Niagara Falls has long been a prime tourist attraction in Ontario and with two prominent casinos that not only service visitors from across the border by residents from other parts of Ontario and the rest of Canada. According to 2011 OLG statistics, 42% of Niagara’s casino revenues come the Greater Toronto (GTA) and Greater Hamilton areas combined. Another study pegs the GTA at 53% of Niagara’s overall gaming revenue. It is easy to see why the city would be apprehensive at having new casinos opening up in those markets.
Newer and more modern casinos with better overall facilities expanded beyond gaming to include entertainment complexes can appeal to a wider clientele and the older casinos argue that it is not a fair fight.

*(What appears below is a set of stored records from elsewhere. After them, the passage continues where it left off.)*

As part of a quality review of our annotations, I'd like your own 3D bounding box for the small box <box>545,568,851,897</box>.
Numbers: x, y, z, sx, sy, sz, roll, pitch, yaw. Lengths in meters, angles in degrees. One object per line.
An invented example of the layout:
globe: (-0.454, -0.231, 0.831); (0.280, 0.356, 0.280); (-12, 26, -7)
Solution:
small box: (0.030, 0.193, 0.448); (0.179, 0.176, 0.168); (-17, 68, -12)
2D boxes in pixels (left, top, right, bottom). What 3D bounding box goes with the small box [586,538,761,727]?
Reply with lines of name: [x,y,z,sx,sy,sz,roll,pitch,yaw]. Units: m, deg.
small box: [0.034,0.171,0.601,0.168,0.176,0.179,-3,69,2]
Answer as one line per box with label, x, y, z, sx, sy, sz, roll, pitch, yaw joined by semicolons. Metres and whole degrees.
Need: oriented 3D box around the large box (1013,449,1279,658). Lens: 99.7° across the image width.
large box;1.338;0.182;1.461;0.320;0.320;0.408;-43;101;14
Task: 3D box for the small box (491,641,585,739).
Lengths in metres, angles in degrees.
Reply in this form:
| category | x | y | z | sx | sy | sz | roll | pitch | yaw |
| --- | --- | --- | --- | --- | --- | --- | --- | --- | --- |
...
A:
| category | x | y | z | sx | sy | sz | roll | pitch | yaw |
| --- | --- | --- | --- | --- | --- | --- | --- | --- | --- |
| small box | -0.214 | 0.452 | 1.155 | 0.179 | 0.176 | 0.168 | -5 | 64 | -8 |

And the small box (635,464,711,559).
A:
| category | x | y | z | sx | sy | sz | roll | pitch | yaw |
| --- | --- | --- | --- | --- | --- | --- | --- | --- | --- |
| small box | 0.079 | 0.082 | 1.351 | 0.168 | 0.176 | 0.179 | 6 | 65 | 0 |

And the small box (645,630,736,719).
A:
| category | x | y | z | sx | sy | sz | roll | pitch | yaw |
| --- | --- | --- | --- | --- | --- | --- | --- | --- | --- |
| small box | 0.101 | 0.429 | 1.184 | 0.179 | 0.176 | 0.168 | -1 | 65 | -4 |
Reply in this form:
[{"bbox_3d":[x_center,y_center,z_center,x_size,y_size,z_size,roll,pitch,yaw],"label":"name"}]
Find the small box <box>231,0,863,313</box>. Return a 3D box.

Casinos in Canada have also been known to have very poor player loyalty programs, especially when compared to Vegas casinos and casinos on native reserves. To make matters worse, the governor of New York announced the possibility of adding casinos in Western N.Y. including in Niagara Falls on the U.S. side where there is already the Seneca Casino which offers free beverages and free vouchers, something we don’t see on the Canadian side.
The government needs to seriously evaluate the actual need for the casino expansion and accept that there will be rivalry among their casinos, many of which are run by different private management companies. The same goes in other provinces in Canada where different municipalities are fighting to have the casino investments made in their towns instead neighbouring towns.